Hey, dude, sorry for late reply. I don't know whether that problem has been solved or not, and I never tried that two environments before. It's sometimes really tricky and stochastic for dpn to solve those relatively "easy" environments, which requires subtle parameters setting or even some lucky to make it work. In my opinion, I think you should larger the learning rate or try to use a smaller replay buffer size. You could mail me, I think we could solve it together.

nancyhwr commented 4 years ago

Thank you for the reply. I also posted the same question on reddit and there is one guy also tried to ran DDQN on breakout and pong with ram input and it doesn't work either with his code. So I am suspecting the DDQN itself could ever work with the atari ram input.

For the cartpole, I def will try other parameter setting. I wrote one myself later according to yours, and it worked, but just super slow.
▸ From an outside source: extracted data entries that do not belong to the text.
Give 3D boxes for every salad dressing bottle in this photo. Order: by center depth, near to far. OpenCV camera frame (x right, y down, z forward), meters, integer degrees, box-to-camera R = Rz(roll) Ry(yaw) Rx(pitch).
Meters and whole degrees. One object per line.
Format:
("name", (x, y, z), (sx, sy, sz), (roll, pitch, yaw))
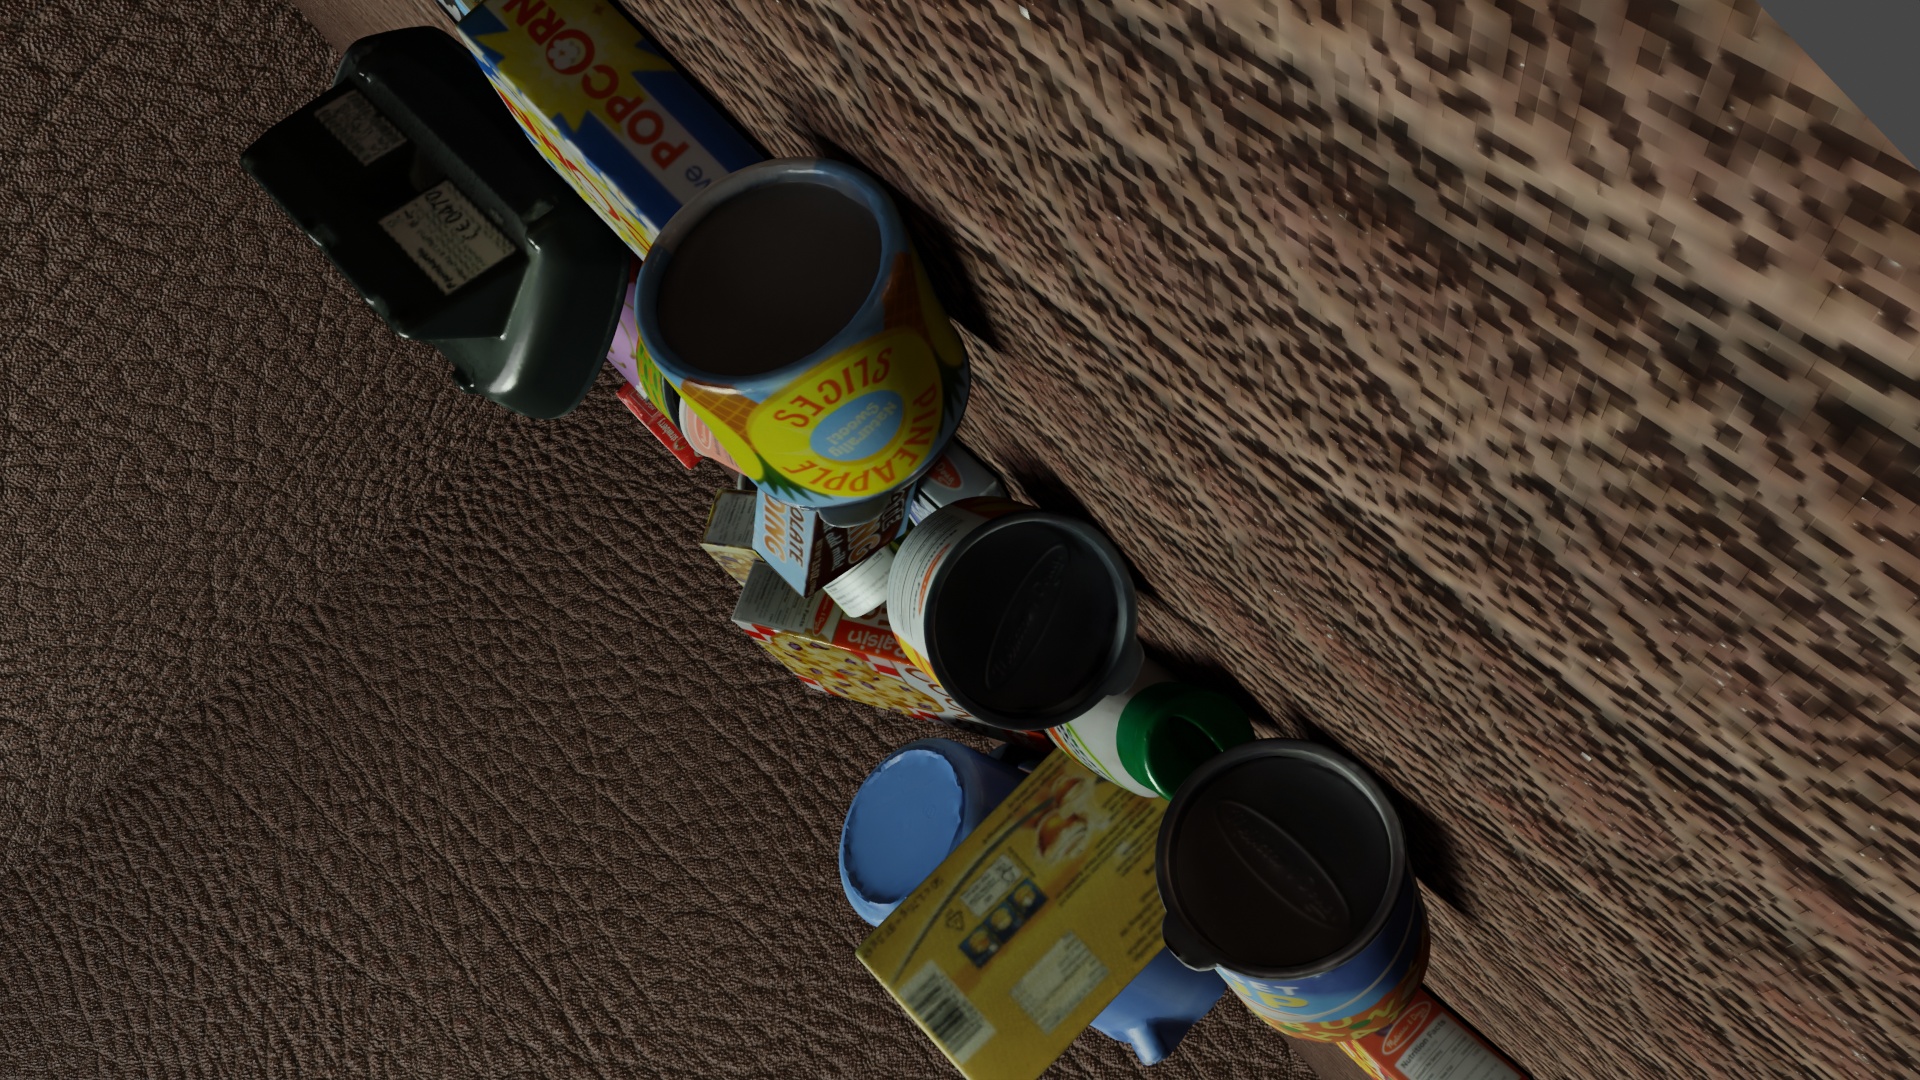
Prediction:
("salad dressing bottle", (0.063, 0.065, 0.491), (0.064, 0.044, 0.147), (48, 173, -3))

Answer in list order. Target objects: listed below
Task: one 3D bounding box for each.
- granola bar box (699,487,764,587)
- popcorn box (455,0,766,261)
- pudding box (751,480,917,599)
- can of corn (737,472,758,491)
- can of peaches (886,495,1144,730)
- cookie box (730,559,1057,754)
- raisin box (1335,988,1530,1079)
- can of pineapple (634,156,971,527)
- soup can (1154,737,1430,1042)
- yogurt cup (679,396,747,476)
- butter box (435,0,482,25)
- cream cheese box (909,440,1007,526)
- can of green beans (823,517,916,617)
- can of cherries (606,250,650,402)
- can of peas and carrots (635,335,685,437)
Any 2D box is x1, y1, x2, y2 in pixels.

Thank you very much for this help!! If you have any thoughts on training the atari games with ram input version, please let me know. It's so strange for me.

Huixxi commented 4 years ago

Ok, I will~ But in general, to run the cartpole environment shouldn’t be that slow, a relative small network will handle it. And you can also try some policy gradient method like, Actor-critic, PPO etc. And you could also contact me if you have other reinforcement learning question, I will try my best to help.

nancyhwr commented 4 years ago

Thank you so much!!! That means so much!